Show each line of the listing in which the word "scene" occurs.
######
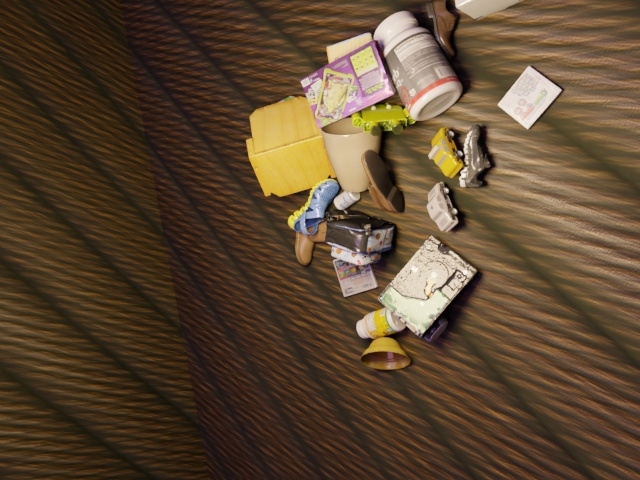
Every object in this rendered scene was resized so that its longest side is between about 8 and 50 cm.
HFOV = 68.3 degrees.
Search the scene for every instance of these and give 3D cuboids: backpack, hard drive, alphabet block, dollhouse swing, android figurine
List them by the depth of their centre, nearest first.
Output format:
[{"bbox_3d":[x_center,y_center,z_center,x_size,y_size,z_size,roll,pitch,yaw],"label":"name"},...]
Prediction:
[{"bbox_3d":[0.418,0.179,1.848,0.237,0.064,0.339,41,96,29],"label":"hard drive"},{"bbox_3d":[0.248,-0.487,1.869,0.248,0.273,0.056,-3,125,5],"label":"android figurine"},{"bbox_3d":[0.158,-0.692,1.920,0.193,0.192,0.197,-9,89,26],"label":"alphabet block"},{"bbox_3d":[0.178,-0.012,1.981,0.276,0.263,0.213,23,118,44],"label":"backpack"},{"bbox_3d":[-0.141,-0.439,2.194,0.305,0.347,0.315,-102,-6,-50],"label":"dollhouse swing"}]

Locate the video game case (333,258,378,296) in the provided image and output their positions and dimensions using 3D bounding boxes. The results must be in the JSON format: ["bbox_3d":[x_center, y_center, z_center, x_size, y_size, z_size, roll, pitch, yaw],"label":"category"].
[{"bbox_3d":[0.160,0.151,2.180,0.201,0.023,0.183,-23,81,42],"label":"video game case"}]

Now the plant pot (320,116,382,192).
[{"bbox_3d":[0.140,-0.352,1.993,0.256,0.256,0.274,19,128,38],"label":"plant pot"}]

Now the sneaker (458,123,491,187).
[{"bbox_3d":[0.575,-0.301,1.716,0.106,0.078,0.234,17,111,36],"label":"sneaker"}]

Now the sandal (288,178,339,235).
[{"bbox_3d":[-0.014,-0.141,2.177,0.317,0.126,0.138,-53,43,20],"label":"sandal"}]

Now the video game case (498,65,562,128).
[{"bbox_3d":[0.709,-0.485,1.605,0.143,0.019,0.157,51,126,24],"label":"video game case"}]

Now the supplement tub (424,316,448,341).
[{"bbox_3d":[0.410,0.309,1.920,0.190,0.117,0.117,43,122,29],"label":"supplement tub"}]

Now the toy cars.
[{"bbox_3d":[0.450,-0.228,1.782,0.176,0.087,0.393,-148,57,-66],"label":"toy cars"}]

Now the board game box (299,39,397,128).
[{"bbox_3d":[0.101,-0.592,1.816,0.347,0.056,0.208,-16,98,34],"label":"board game box"}]

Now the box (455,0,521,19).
[{"bbox_3d":[0.563,-0.845,1.571,0.181,0.182,0.119,-8,90,41],"label":"box"}]

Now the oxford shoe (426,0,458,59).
[{"bbox_3d":[0.464,-0.783,1.737,0.096,0.083,0.227,-15,96,23],"label":"oxford shoe"}]

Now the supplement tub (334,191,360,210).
[{"bbox_3d":[0.121,-0.189,2.131,0.107,0.071,0.071,-35,74,39],"label":"supplement tub"}]

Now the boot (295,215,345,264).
[{"bbox_3d":[0.000,0.000,2.255,0.269,0.089,0.236,-4,94,40],"label":"boot"}]

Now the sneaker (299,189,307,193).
[{"bbox_3d":[-0.118,-0.368,2.276,0.109,0.130,0.286,7,100,43],"label":"sneaker"}]

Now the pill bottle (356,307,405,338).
[{"bbox_3d":[0.260,0.363,2.059,0.208,0.117,0.117,-28,78,40],"label":"pill bottle"}]

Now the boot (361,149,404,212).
[{"bbox_3d":[0.226,-0.233,1.929,0.115,0.112,0.305,4,137,47],"label":"boot"}]

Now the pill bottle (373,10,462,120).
[{"bbox_3d":[0.355,-0.651,1.762,0.210,0.210,0.363,-36,73,39],"label":"pill bottle"}]

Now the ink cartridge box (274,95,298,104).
[{"bbox_3d":[-0.180,-0.598,2.322,0.208,0.087,0.153,-11,90,41],"label":"ink cartridge box"}]

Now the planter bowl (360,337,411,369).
[{"bbox_3d":[0.281,0.480,2.046,0.217,0.217,0.090,-29,41,40],"label":"planter bowl"}]
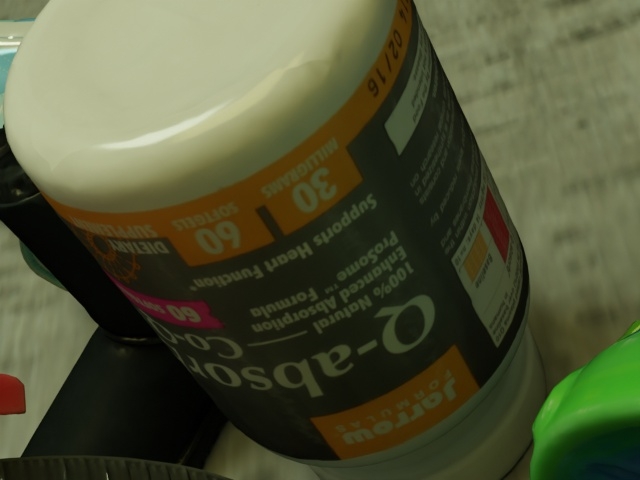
######
* THE COMPLETED TASK *
Every object in this rendered scene was resized so that its longest side is between about 8 and 50 cm.
Search the scene for every instance of these and give 3D cuboids: backpack, hard drive, alphabet block, dollhouse swing, android figurine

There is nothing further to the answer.